Son déficit entraîne une anémie par destruction des globules rouges. En revanche, trop de supplémentation peut réduire la production de radicaux libres.

La vitamine E doit être prise de préférence sous forme naturelle. Elle est insoluble dans l’eau, très soluble dans les graisses, peu sensible à la chaleur, la lumière et les acides et très sensible à l’air. Il faut conserver les huiles qui la contiennent dans des récipients opaques.

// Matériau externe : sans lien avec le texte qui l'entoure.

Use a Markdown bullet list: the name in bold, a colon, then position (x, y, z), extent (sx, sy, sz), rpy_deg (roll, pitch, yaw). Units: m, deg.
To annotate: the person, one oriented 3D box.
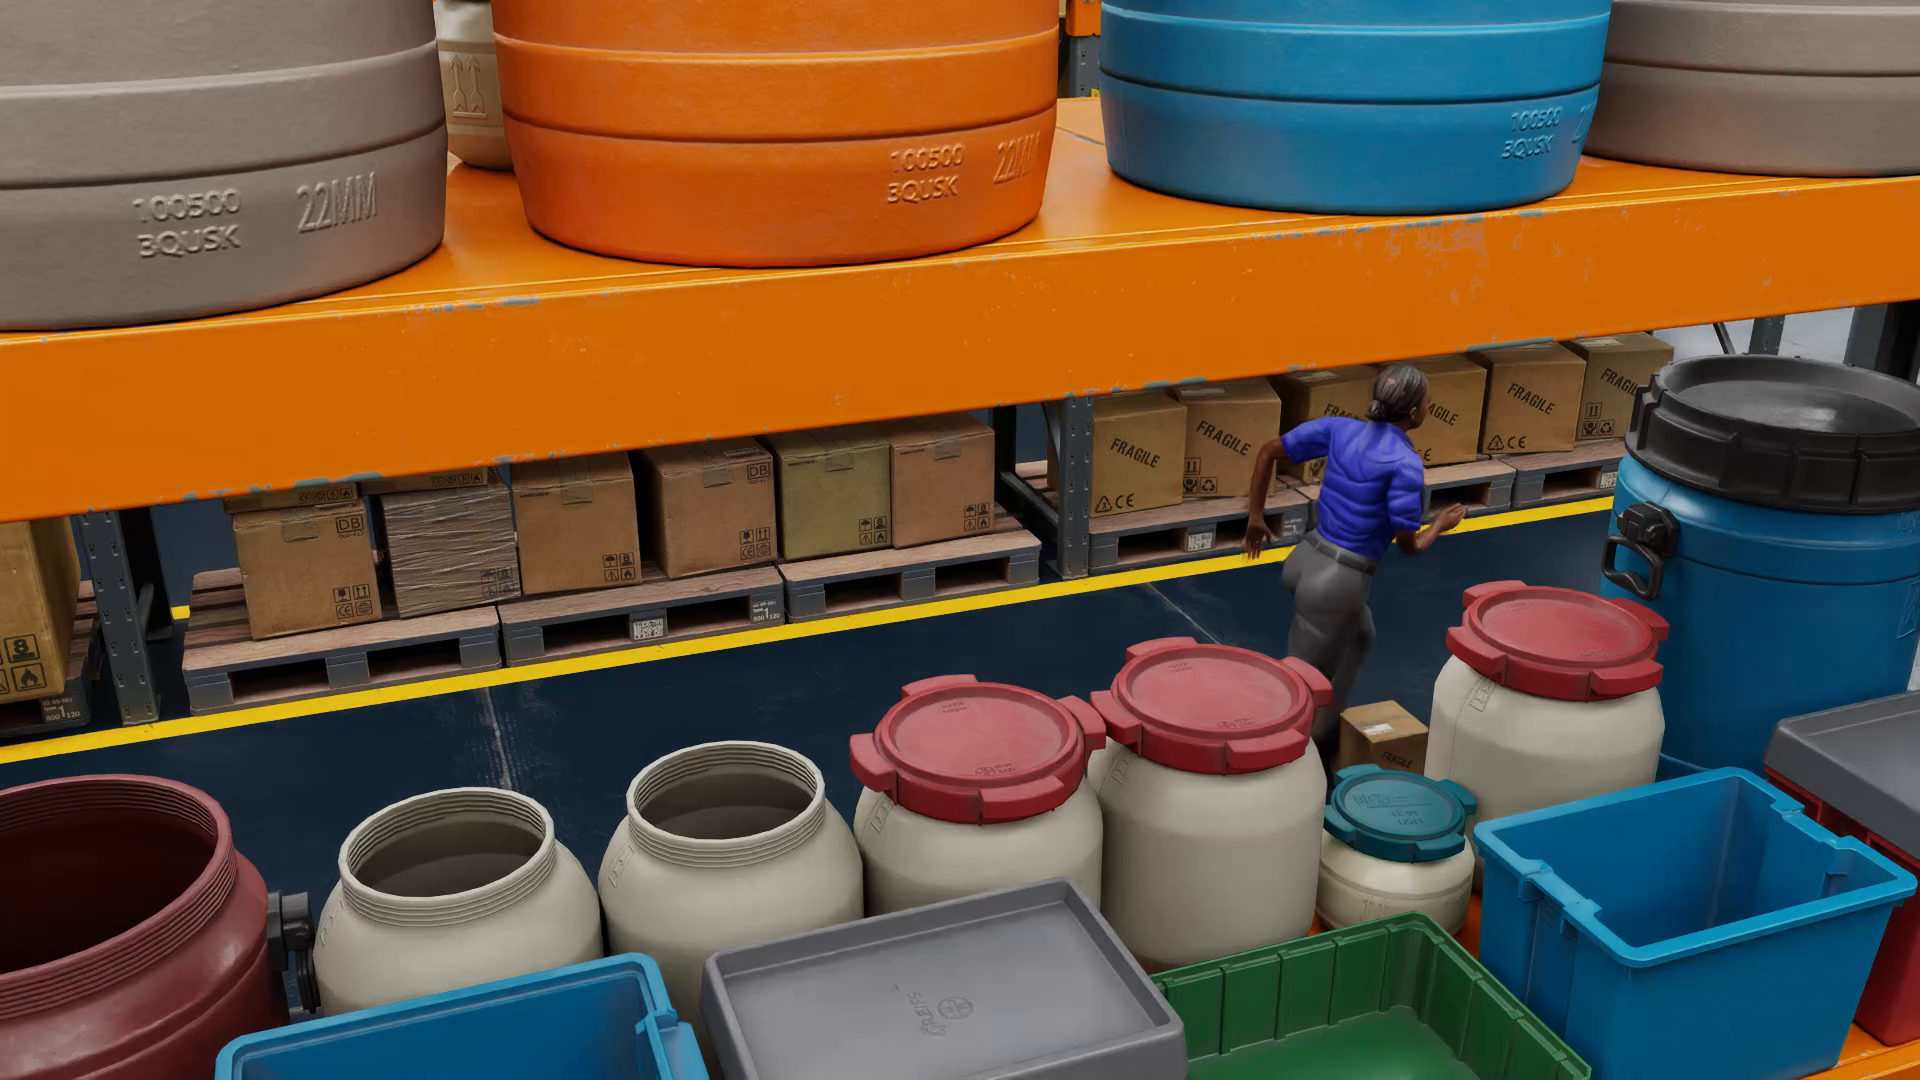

Principales sources des apports alimentaires : l’huile de germe de blé mais aussi l’huile de tournesol, les amandes, noisettes, le germe de blé, les huiles de foie de morue, de pépins de raisins, d’arachide, de maïs, de soja, le pop-corn, les noix...

Certains considèrent que l’ensemble de la population est carencée, d’autres la moitié. L’industrie agro-alimentaire détruit la vit E par ses traitements : mangez bio !

Carences chez les gros mangeurs de viande et de fromage.